経済産業省が小型の太陽光発電や風力発電に対する保安規制を強化する方針を公表。50kW未満の太陽光発電、20kW未満についても、報告徴収や事故報告の対象とする方針だ。

» 2019年11月28日 07時15分 公開
[スマートジャパン]

 経済産業省が2019年11月19日に開いた「新エネルギー発電設備事故対応・構造強度ワーキンググループ」で、小規模な太陽光発電や小型風力の安全対策を目的とした制度変更の方針が明らかになった。小規模な設備であっても、報告徴収や事故報告を義務付ける他、住宅用太陽光の立ち入り検査も行えるようにする方針だ。2019年度内に内容を固め、2020年度中の省令改正を目指す。

 2012年に再生可能エネルギーの固定買取制度(FIT)がスタートして以降、国内で急速に拡大した太陽光発電。
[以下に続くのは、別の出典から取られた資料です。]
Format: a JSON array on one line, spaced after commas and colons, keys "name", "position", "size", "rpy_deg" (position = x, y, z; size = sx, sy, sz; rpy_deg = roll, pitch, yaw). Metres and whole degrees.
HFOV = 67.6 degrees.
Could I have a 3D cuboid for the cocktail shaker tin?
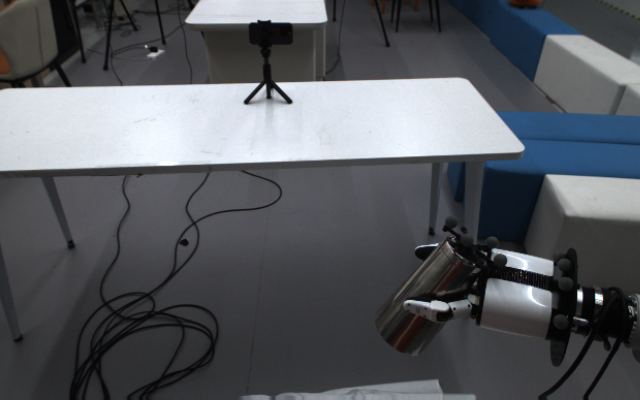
[{"name": "cocktail shaker tin", "position": [0.162, 0.129, 0.703], "size": [0.093, 0.170, 0.093], "rpy_deg": [25, 29, -15]}]
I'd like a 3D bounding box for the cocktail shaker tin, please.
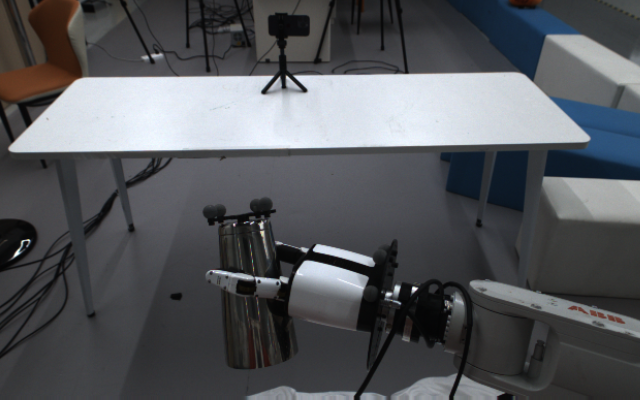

出力規模での内訳をみると、その約98%が50kW(キロワット)未満の小型の太陽光発電設備だ。半数以上が10kW未満の住宅用太陽光発電だが、10〜50kW未満の野立て型の太陽光も数年で大きく増加している。また、風力発電についても、導入量の約91%が20kW未満の小型風力が占める状況となっている。
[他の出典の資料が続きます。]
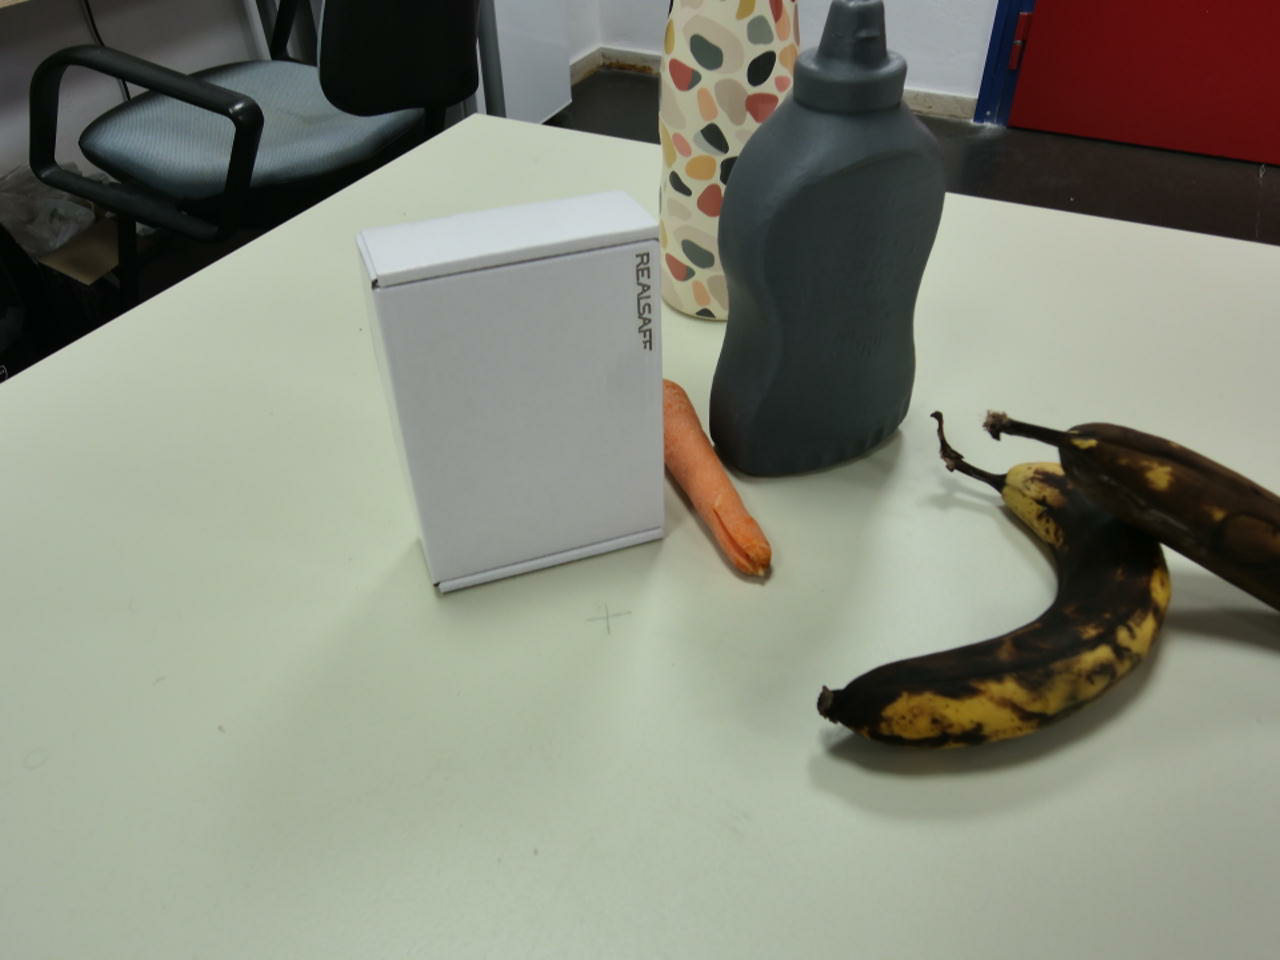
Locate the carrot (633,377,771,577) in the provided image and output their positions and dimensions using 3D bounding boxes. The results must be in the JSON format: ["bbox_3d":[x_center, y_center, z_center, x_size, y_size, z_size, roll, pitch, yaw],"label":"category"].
[{"bbox_3d":[0.027,-0.006,0.470,0.030,0.032,0.136,-12,38,-14],"label":"carrot"}]

 一方、昨今大きな問題となっているのが太陽光発電設備を中心とした事故の増加だ。経済産業省ではこれまで一定規模の発電設備に対して、事前に技術基準への適合に関する確認内容を提出する「自己確認制度」や、事故が発生した際の報告義務の制度(報告徴収・事故報告)を導入し、安全対策を強化してきた。ただ現状は、50kW未満の太陽光発電、20kW未満の風力発電については、報告徴収や事故報告の対象外となっている。
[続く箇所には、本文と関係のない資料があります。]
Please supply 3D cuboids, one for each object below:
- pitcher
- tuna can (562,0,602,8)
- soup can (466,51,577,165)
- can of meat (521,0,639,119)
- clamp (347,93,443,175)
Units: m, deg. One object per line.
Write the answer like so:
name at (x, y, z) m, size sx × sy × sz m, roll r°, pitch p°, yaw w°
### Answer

小型太陽光発電と風力発電の事故例。この太陽光発電については、事故の影響で新幹線の運転が一時見合わせとなった 出典:経済産業省

 そこで今後、50kW未満の太陽光発電、20kW未満の風力発電については、民間によるガイドラインやチェックリストと国の技術基準との連携、一定水準の技術者による施工・保守点検の推進を図るとともに、報告徴収や事故報告の対象に加える。また、住宅用の10kW未満の太陽光発電設備については事故報告の対象外とする方針だが、立入検査の対象に含める方針だ。なお、インターネット経由での事故報告を認めるなど、報告内容の収集方法についての簡易化も検討する。

小型太陽光・風力に対する新たな保安規制のイメージ 出典:経済産業省

 この他、太陽光発電の設置者や設置形態の多様化、技術革新への対応などを踏まえ、太陽光発電設備に特化した新たな技術基準の整備を行う。

 今後のスケジュールについては、2019年度は報告徴収や立入検査の対象など、制度改正の具体的な内容や水上設置型の技術基準等の検討を行う。2020年度には省令改正の検討を進めつつ、民間ガイドラインなどと国の技術基準との連携、施工・保守管理を担う人材の確保策について、関係団体連携して取り組んでいく方針だ。